# Tailgater Question



## heaviside (Apr 15, 2013)

I bought a Tailgater and Dish VP-211 receiver for my rv. Only after setting it up did I learn that it can't get international programming. (Impossible to get that info before purchase!) Is it satellite 118 on Dish Network?

Why can't I get the satellite? Is there a workaround?

Thanks.


----------



## VDP07 (Feb 22, 2006)

Unfortunatly not with the Tailgater. International channels are carried on the 129w satellite. It is a different type of signal that the Tailgater is incapable of receiving.


----------



## tsmacro (Apr 28, 2005)

VDP07 said:


> Unfortunatly not with the Tailgater. International channels are carried on the 129w satellite. It is a different type of signal that the Tailgater is incapable of receiving.

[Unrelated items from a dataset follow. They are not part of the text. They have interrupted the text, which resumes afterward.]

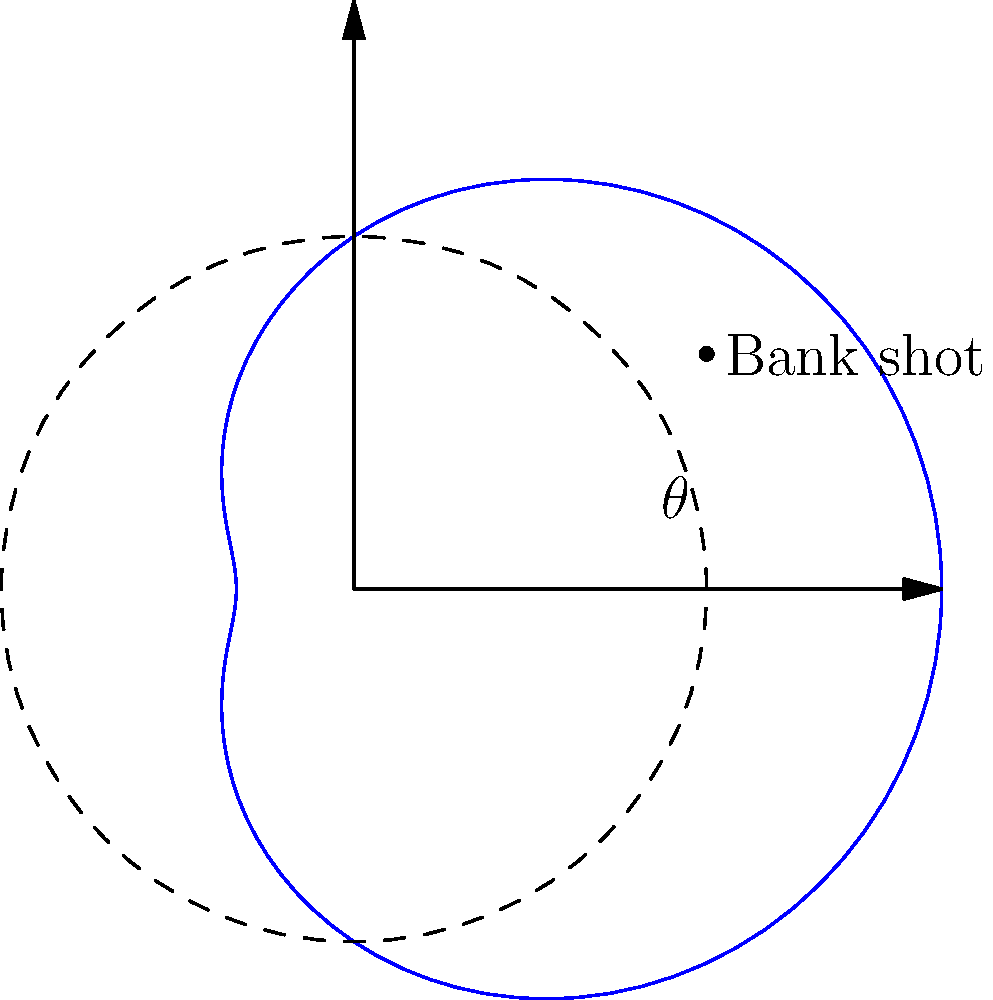In a crucial game against Michael Jordan, you're planning a bank shot. The basketball hoop's rim can be modeled by the polar equation $r = 3 + 2\cos(\theta)$. At what angle $\theta$ (in radians) should you aim to hit the rim at its closest point to the backboard? To find the angle where the rim is closest to the backboard, we need to follow these steps:

1) The distance from the center to any point on the rim is given by $r = 3 + 2\cos(\theta)$.

2) The backboard is represented by the line $\theta = 0$ or $\theta = 2\pi$ in polar coordinates.

3) To find the minimum distance, we need to find where $\frac{dr}{d\theta} = 0$:

   $\frac{dr}{d\theta} = -2\sin(\theta)$

4) Setting this equal to zero:
   $-2\sin(\theta) = 0$
   $\sin(\theta) = 0$

5) The solutions to this equation in the range $[0, 2\pi]$ are $\theta = 0, \pi, 2\pi$.

6) We need to check which of these gives the minimum $r$:

   At $\theta = 0$ or $2\pi$: $r = 3 + 2 = 5$
   At $\theta = \pi$: $r = 3 - 2 = 1$

7) The minimum distance occurs at $\theta = \pi$ radians.

Therefore, you should aim at an angle of $\pi$ radians to hit the rim at its closest point to the backboard.
Answer: $\pi$ radians 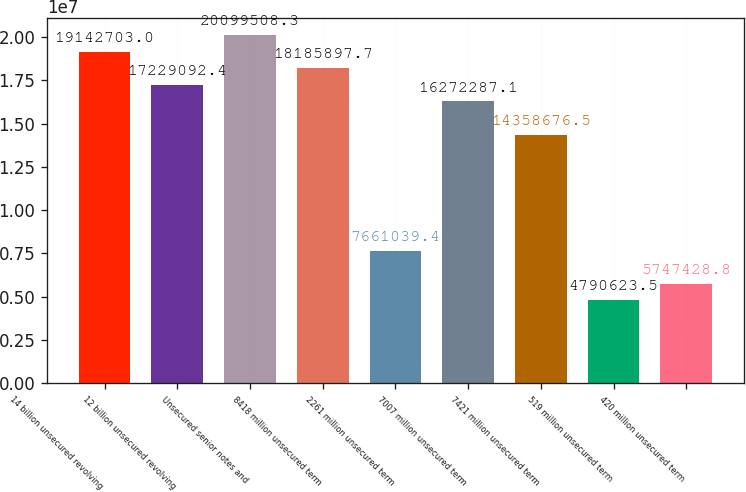Convert chart to OTSL. <chart><loc_0><loc_0><loc_500><loc_500><bar_chart><fcel>14 billion unsecured revolving<fcel>12 billion unsecured revolving<fcel>Unsecured senior notes and<fcel>8418 million unsecured term<fcel>2261 million unsecured term<fcel>7007 million unsecured term<fcel>7421 million unsecured term<fcel>519 million unsecured term<fcel>420 million unsecured term<nl><fcel>1.91427e+07<fcel>1.72291e+07<fcel>2.00995e+07<fcel>1.81859e+07<fcel>7.66104e+06<fcel>1.62723e+07<fcel>1.43587e+07<fcel>4.79062e+06<fcel>5.74743e+06<nl></chart>

 Actually the international channels are carried on 118.7 and the tailgater isn't set up to receive it. If they were on 129 he'd be all set. The only way to get International channels for an RV is to buy a 1000+ or 500+ dish and point manually it each time he stops.


----------



## VDP07 (Feb 22, 2006)

tsmacro said:


> Actually the international channels are carried on 118.7 and the tailgater isn't set up to receive it. If they were on 129 he'd be all set. The only way to get International channels for an RV is to buy a 1000+ or 500+ dish and point manually it each time he stops.


Doh! I had a brain poot. 118.7 is the FSS birdie I was thinking of.


----------



## ionamartin123 (Jun 2, 2013)

I appreciate that answer.Thanks a lot.


----------